Transcript
Helen explores our senses, playing on the edges of science and art. Her work evokes a sense of revulsion but at the same time is incredibly fascinating. She's knitted an exact scale replica (and when I say exact, it is very precisely measured) of the female organs – urinary tract and uterus. Her choice of concept and materials varies dramatically from one work to the other but the uneasiness she brings to the viewer is constant. From a scientific background, she obviously knows the revulsion that it causes but it doesn't seem to bother her in working with human hair – in fact she shows complete mastery of this material. Pynor works with ultimate respect for these fine fibres. Recent work is a study of people who have drowned in the River Thames, and she's created some extraordinary images on glass from these statistics.

Untitled (uterus urinary)
Helen Pynor
Dimensions
290 x 360 X 200
Materials
knitted human hair
Artist statement
‘In my work I explore the complex dialogues between biological and cultural processes. I’m interested in the registration and transmission of personal and cultural experience in the biological body, and importantly, in the active collaboration and participation of the biological in this process at cellular and physiological levels.

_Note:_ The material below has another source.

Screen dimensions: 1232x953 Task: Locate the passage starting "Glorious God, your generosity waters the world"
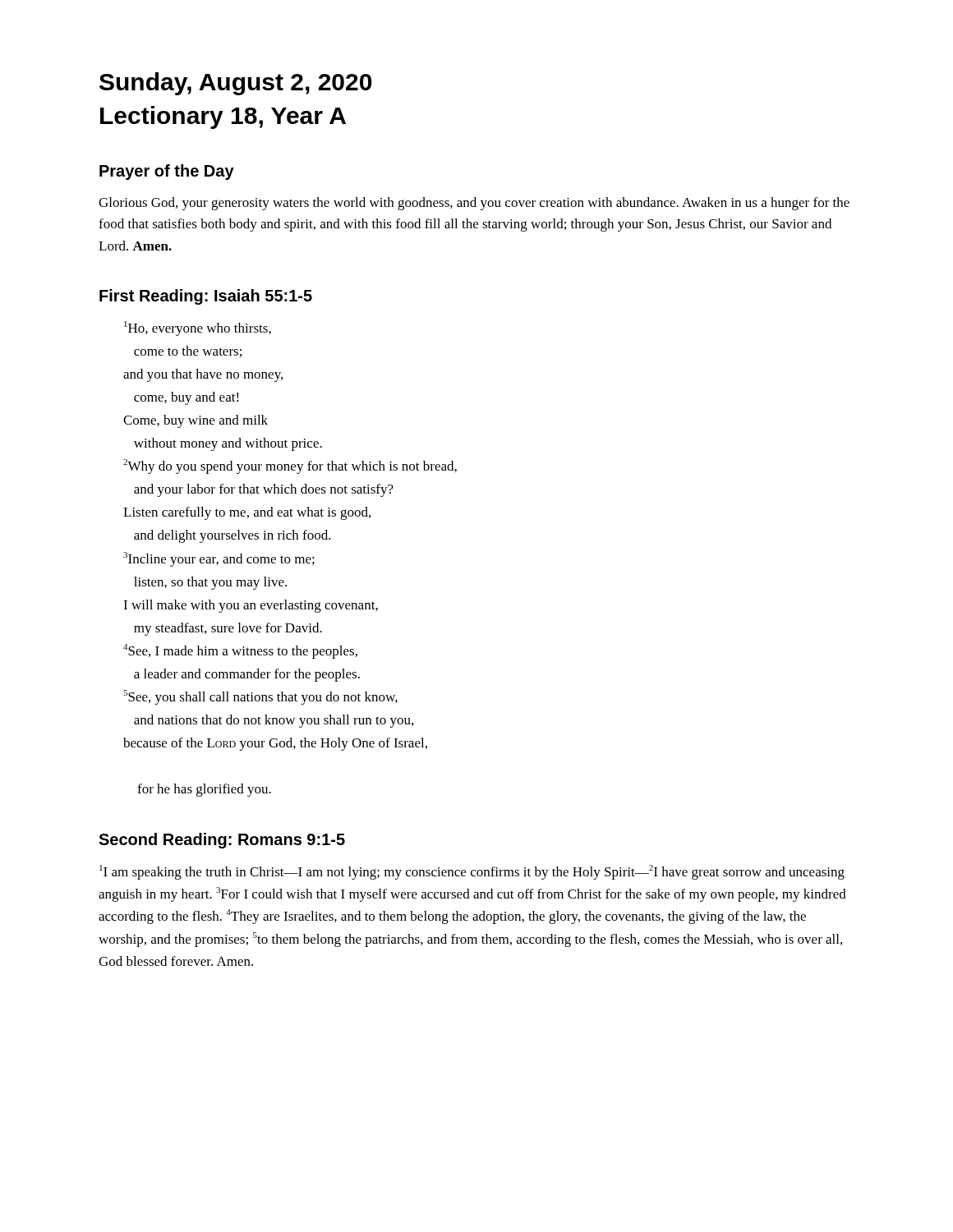click(x=474, y=224)

In my hair works I’ve knitted together single strands of human hair to form large and small-scale sculptures. These strands were grown by women in a distant country and are now twisted into complex forms by me, entangling bodies, time, memory and place.
The visceral nature of the works and the repetitive labour required to make them suggest to me the efforts and endurances of everyday living. However seen from a distance the works become transparent and ghost-like, entering other in-between spaces of past and present, flesh and memory, beauty and repulsion, living and dead.’